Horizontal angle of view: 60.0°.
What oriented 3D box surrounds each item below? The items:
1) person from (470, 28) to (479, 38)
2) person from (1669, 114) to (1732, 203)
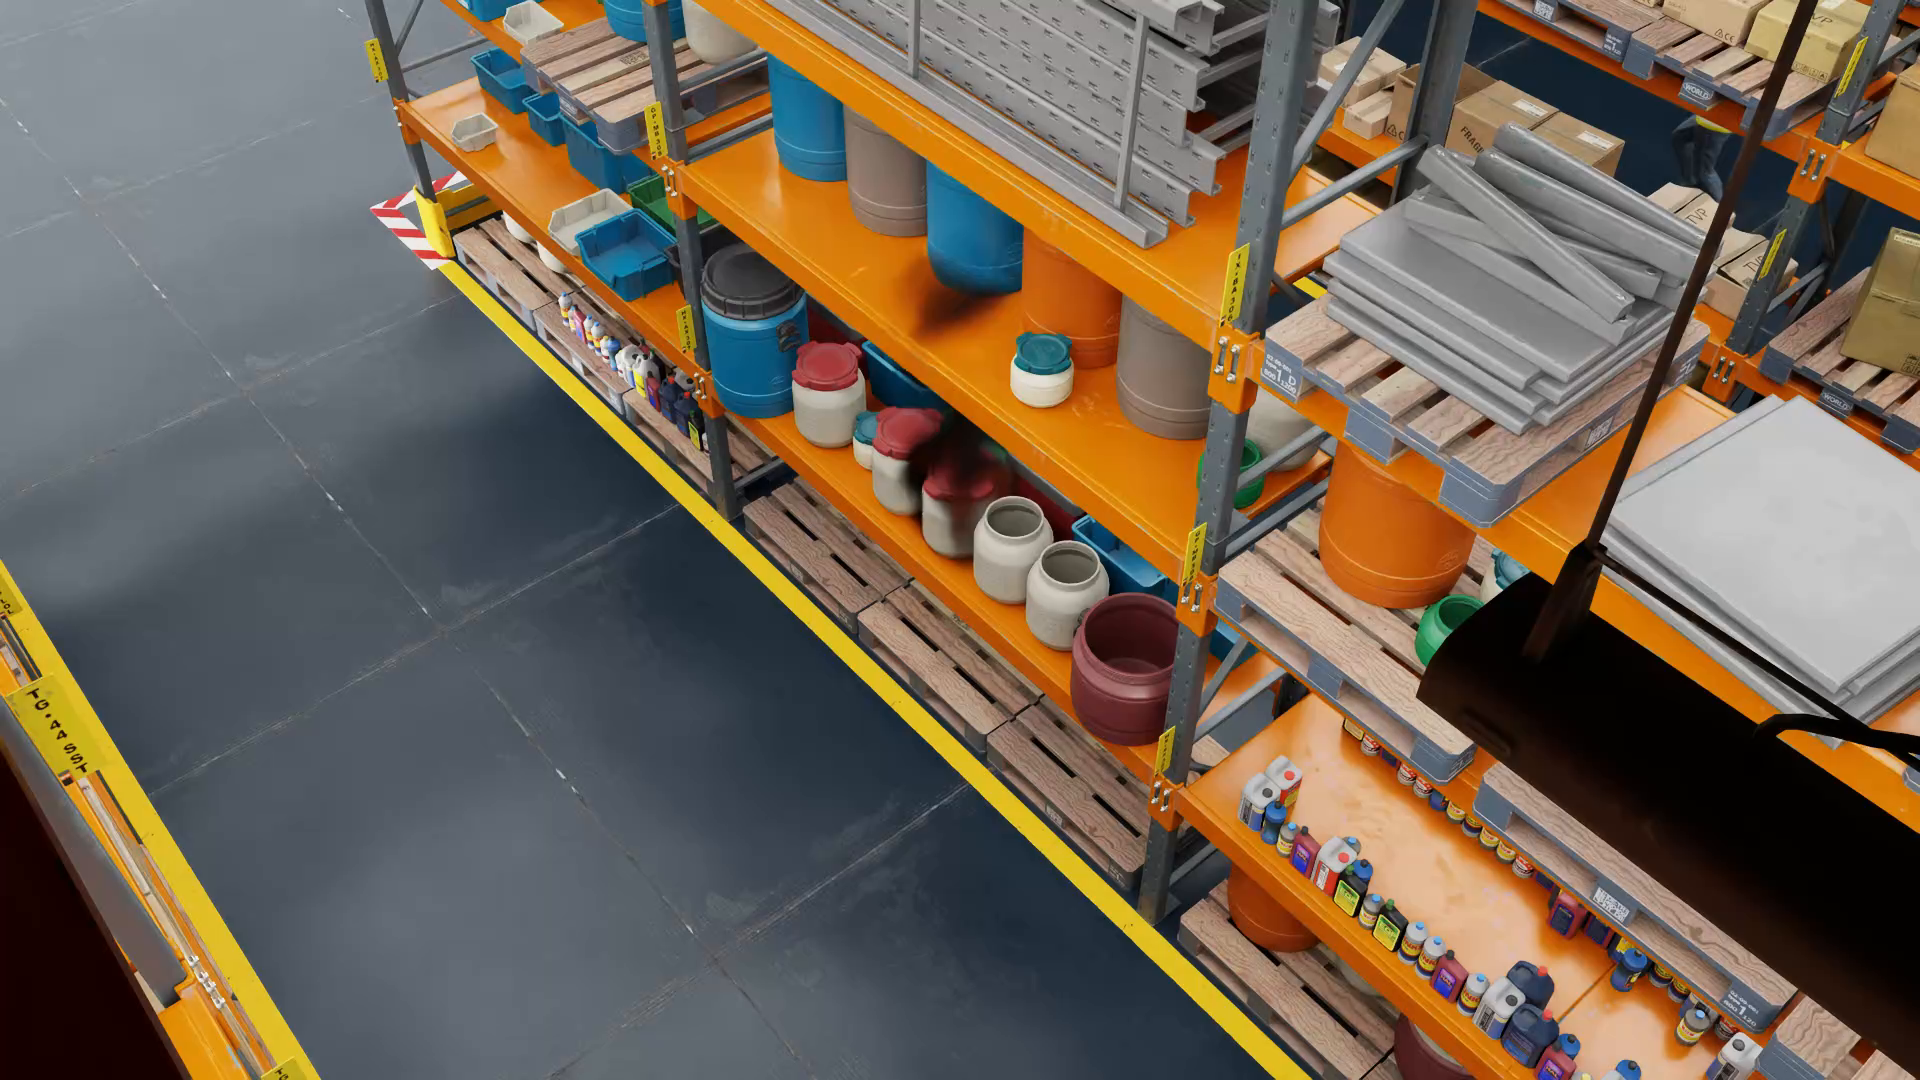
[{"bbox_3d":[-3.560,-4.058,13.714,0.901,1.637,0.550,-8,47,-7],"label":"person"},{"bbox_3d":[5.836,-3.249,12.856,0.721,1.790,0.696,30,54,26],"label":"person"}]
┄┄┄┄┄┄
Goal of the exercise:
Repeat the data word for word, excluding any image.

Output:
Horizontal angle of view: 60.0°.
What oriented 3D box surrounds each item below? The items:
1) person from (470, 28) to (479, 38)
2) person from (1669, 114) to (1732, 203)
[{"bbox_3d":[-3.560,-4.058,13.714,0.901,1.637,0.550,-8,47,-7],"label":"person"},{"bbox_3d":[5.836,-3.249,12.856,0.721,1.790,0.696,30,54,26],"label":"person"}]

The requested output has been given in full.